Assignment
Print the records below exactly as they appear. Omit all pictures.
** Data supplied follows **
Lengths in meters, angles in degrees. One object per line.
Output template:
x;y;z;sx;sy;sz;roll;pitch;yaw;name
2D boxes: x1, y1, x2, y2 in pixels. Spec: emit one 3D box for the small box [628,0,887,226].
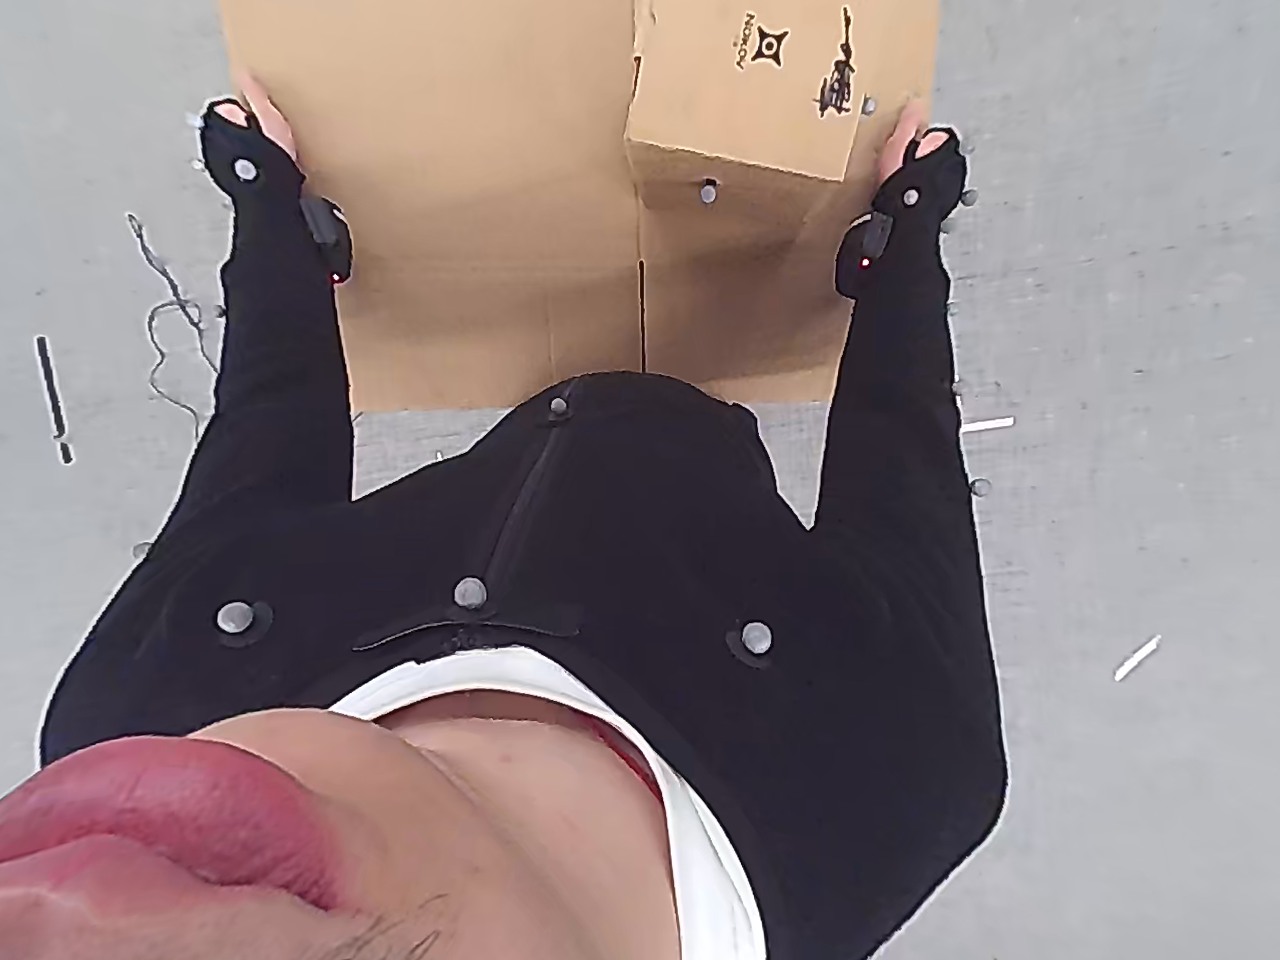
0.099;-0.348;0.491;0.179;0.176;0.168;13;103;3;small box
** End of Data supplied **
Output for this task
Lengths in meters, angles in degrees. One object per line.
Output template:
x;y;z;sx;sy;sz;roll;pitch;yaw;name
2D boxes: x1, y1, x2, y2 in pixels. Spec: emit one 3D box for the small box [628,0,887,226].
0.099;-0.348;0.491;0.179;0.176;0.168;13;103;3;small box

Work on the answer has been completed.